Одно здесь верно: Бунин стремительно старел, и голодные годы войны, волнения, ожесточение делали свое дело. Его подтачивали болезни, бедность, и, можно полагать, со временем он обнаружил, что окружен одними стариками и… Зуровым. Наследница архива Бунина и Зурова, преподаватель Эдинбургского университета Милица Грин, прочитав мемуары А. Бахраха «Бунин в халате», содержавшие немало нападок на Зурова и искажений его облика, решила обратиться к общественному мнению. К сожалению, ее письмо осталось неоконченным, но она взвешенно и справедливо писала о роли Зурова на закате жизни Бунина: «И все же не только Вера Николаевна, но и сам Иван Алексеевич сознавали, что Зуров единственный из их непосредственного окружения верный…» (на этом текст обрывается).

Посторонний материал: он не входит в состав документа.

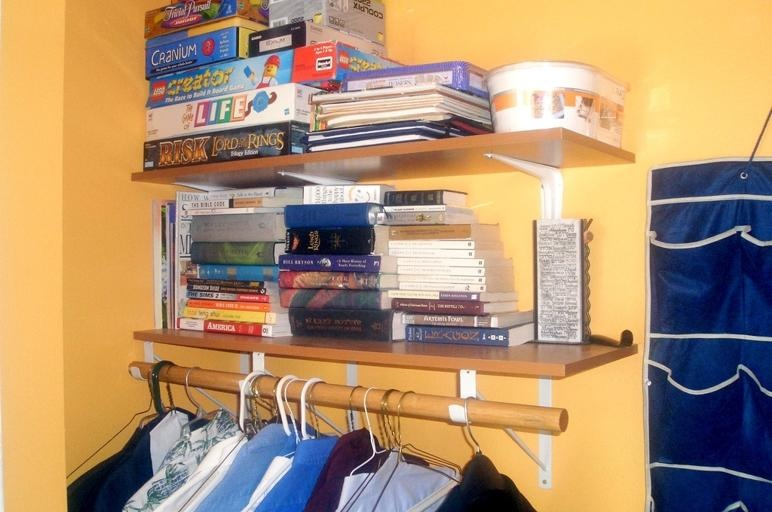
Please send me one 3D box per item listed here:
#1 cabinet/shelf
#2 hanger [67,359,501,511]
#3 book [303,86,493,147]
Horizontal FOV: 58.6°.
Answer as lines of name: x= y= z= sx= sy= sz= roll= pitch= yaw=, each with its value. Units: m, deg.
cabinet/shelf: x=0.010 y=0.033 z=2.000 sx=1.329 sy=0.542 sz=0.453 roll=-1 pitch=1 yaw=23
hanger: x=-0.373 y=0.495 z=1.864 sx=1.243 sy=0.393 sz=0.382 roll=-1 pitch=1 yaw=20
book: x=0.029 y=-0.375 z=1.887 sx=0.514 sy=0.144 sz=0.155 roll=-1 pitch=1 yaw=6

Бахрах вспоминал, как во время войны Бунин подтрунивал над казавшейся ему бесконечной работой Зурова над романом «Зимний дворец» — он ехидно спрашивал Веру Николаевну, как там дворец, удалось ли приладить к нему еще один кирпичик. Но известно и то, как отзывался Бунин о рассказах Зурова, опубликованных в конце 1940-х и начале 1950-х. Вот свидетельство в письме В. Н. Буниной от 18 января 1948 года: «Ян <так она называла мужа> вчера Вас очень хвалил, говорил, что Вы единственный владеющий русским языком и вообще все писатели Вашего поколения щенки перед Вами, „как он тонко и верно все понимает!“ А раньше восхищался Вашим письмом: „Как Зуров хорошо письма пишет!“ Я согласилась и сказала, что это еще не лучшее». И полгода спустя, 17 августа 1948 года, снова: «И. А. сейчас сказал, что он прочитал „Обитель“ и что „это не хорошо, а великолепно“».

Чем дальше, тем чаще Бунин возвращается к чрезвычайно высокой оценке прозы Зурова, которая впервые зафиксирована в «Грасском дневнике» Г. Кузнецовой еще в конце 1928 года: «Вчера, когда мы одни гуляли вечером, он <Бунин> бранил рощинский роман, ему дали прочесть две главы — и говорил, что никто в сущности не умел написать войну по-настоящему. Отчасти тронул ее правильно Зуров». В письме Зурову в июне 1950 года Бунин хвалит его рассказ «Русская повесть»: «О Вашем рассказе в „Новоселье“. Вы знаете мое мнение — много истинно превосходного».

В эти годы Бунин иногда даже, пусть в присущей ему ворчливой манере, но признается в том, что ему недостает Зурова: так, 19 августа 1950 года В. Н. пишет Зурову, который уехал на лето: «Ян скучает по Вас: „дурак, сидит в шатре, лучше бы был здесь“». «Ян мечтает о Вашей кухне», — сообщает она два года спустя, когда завершается их с Буниным неудачная поездка в русский дом отдыха в Жуан-ле-Пэн. Бунин возвращается в Париж совсем больным, и Зуров практически поднимает его на ноги: в письме художнице Татьяне Муравьевой-Логиновой от 2 октября 1950 года В. Н. Бунина сообщает о здоровье мужа: «Медленно поправляется. Еще слаб. За ним хорошо ухаживает Леня: перевязки, растирание ноги, пассивная гимнастика и очень вкусные блюда, надо, чтобы Ян хоть немного окреп и пополнел».